# Today's Recipe: Fruit Salad



## shel (Dec 20, 2006)

America's test Kitchen sent this recipe to me this morning. Looks good, especially since I've been thinking about making a nice fruit sald. Maybe you'll like it ... personally, I don't see the need for so much additional sugar, but I've not yet tested the recipe.
Shel

*Ginger, Honeydew, Mango, and Blueberry Salad
*Cantaloupe can be substituted for the honeydew although the color contrast with the mango won't be as vivid.

Makes 6 cups 
1 Tbs grated lime zest from 4 limes (zest limes before juicing) 
1 cup lime juice (from grated limes and additional 3-4 limes as needed) 
1/4 cup granulated sugar 
Pinch table salt 
1 Tbs minced or grated fresh ginger
1 tablespoon lemon juice 
1/2 small honeydew melon, seeds and rinds removed, cut into 1-inch pieces (about 2 cups) 
1 mango (about 10 ounces), peeled, pitted, and cut into 1/2-inch pieces (about 1 1/2 cups) 
1 pint fresh blueberries

Simmer lime juice, sugar, and salt in small, heavy-bottomed nonreactive saucepan over high heat until syrupy, honey-colored, and reduced to 1/4 cup, about 15 minutes. Off heat, add lime zest, ginger, and lemon juice; steep 1 minute to blend flavors, and strain. Combine fruit in medium bowl; pour warm dressing over and toss. Serve immediately at room temperature or cover with plastic wrap, refrigerate up to 4 hours, and serve chilled.


----------



## jock (Dec 4, 2001)

Yeah, I got that one too and was somewhat intrigued by it. Different from the "everything but the kitchen sink" kind of fruit salad you often see.

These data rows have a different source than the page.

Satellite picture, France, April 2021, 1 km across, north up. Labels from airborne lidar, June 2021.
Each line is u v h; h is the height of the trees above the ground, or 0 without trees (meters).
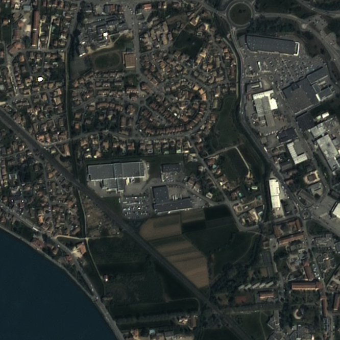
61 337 0
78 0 0
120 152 10
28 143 0
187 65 7
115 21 0
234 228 0
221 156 6
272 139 0
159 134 8
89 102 0
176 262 0
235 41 0
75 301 0
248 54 0
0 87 0
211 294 9
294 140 7
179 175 0
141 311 0
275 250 0
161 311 0
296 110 0
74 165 0
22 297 0
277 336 0
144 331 11
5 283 0
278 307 19
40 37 9
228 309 20
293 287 0
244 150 0
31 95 0
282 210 0
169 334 0
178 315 21
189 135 0
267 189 8
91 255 0
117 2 0
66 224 0
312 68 0
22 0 0
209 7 0
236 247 0
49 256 12
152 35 0
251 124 0
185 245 0
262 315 0
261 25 18
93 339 0
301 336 0
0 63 6
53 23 9
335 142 0
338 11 0
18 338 0
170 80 7
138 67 0
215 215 0
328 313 0
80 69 0
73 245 12
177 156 0
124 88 8
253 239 0
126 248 0
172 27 6
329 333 0
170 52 8
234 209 0
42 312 0
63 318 0
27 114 7
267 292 0
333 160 0
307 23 0
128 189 0
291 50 0
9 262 0
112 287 0
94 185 0
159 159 0
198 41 0
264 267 0
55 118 0
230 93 9
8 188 6
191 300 0
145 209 0
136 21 0
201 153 13
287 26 9
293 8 6
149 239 0
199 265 0
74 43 18
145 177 0
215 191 19
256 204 0
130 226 0
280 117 0
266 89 0
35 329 0
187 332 16
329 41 0
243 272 9
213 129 9
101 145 7
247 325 0
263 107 0
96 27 0
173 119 0
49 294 0
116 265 0
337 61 0
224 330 0
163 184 0
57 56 8
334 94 0
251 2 0
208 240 0
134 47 0
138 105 0
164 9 0
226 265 0
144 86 0
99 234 0
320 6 12
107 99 8
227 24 6
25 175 7
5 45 0
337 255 0
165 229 0
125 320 17
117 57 0
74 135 14
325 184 0
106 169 0
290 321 10
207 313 19
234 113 5
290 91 0
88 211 0
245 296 0
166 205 0
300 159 0
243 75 0
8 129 0
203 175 16
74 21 0
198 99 11
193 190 0
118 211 0
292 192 18
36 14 0
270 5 0
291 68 0
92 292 8
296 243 11
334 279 0
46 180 0
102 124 9
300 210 0
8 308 0
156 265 0
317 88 0
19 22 0
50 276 0
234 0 0
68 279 0
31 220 0
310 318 31
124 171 0
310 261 0
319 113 8
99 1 0
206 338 0
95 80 6
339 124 0
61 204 0
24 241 0
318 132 0
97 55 0
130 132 9
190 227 0
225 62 8
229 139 0
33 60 8
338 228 0
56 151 6
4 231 0
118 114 9
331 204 0
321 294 0
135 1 0
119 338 0
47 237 18
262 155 7
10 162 0
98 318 0
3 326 0
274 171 0
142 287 0
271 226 12
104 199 0
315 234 14
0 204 0
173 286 0
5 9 0
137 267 0
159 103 7
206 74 0
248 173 0
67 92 0
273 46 0
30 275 0
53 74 14
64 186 7
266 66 0

My guess is that the 1/4 cup of sugar is to balance the tartness of all that lime juice.

Jock


----------



## shel (Dec 20, 2006)

That was one thought I had. The other is that the recipe suggests the sauce be honey colred, so maybe the sugar is needed in order to caramelize the sauce somewhat.

Shel (trying to cut way back on sugar these days)


----------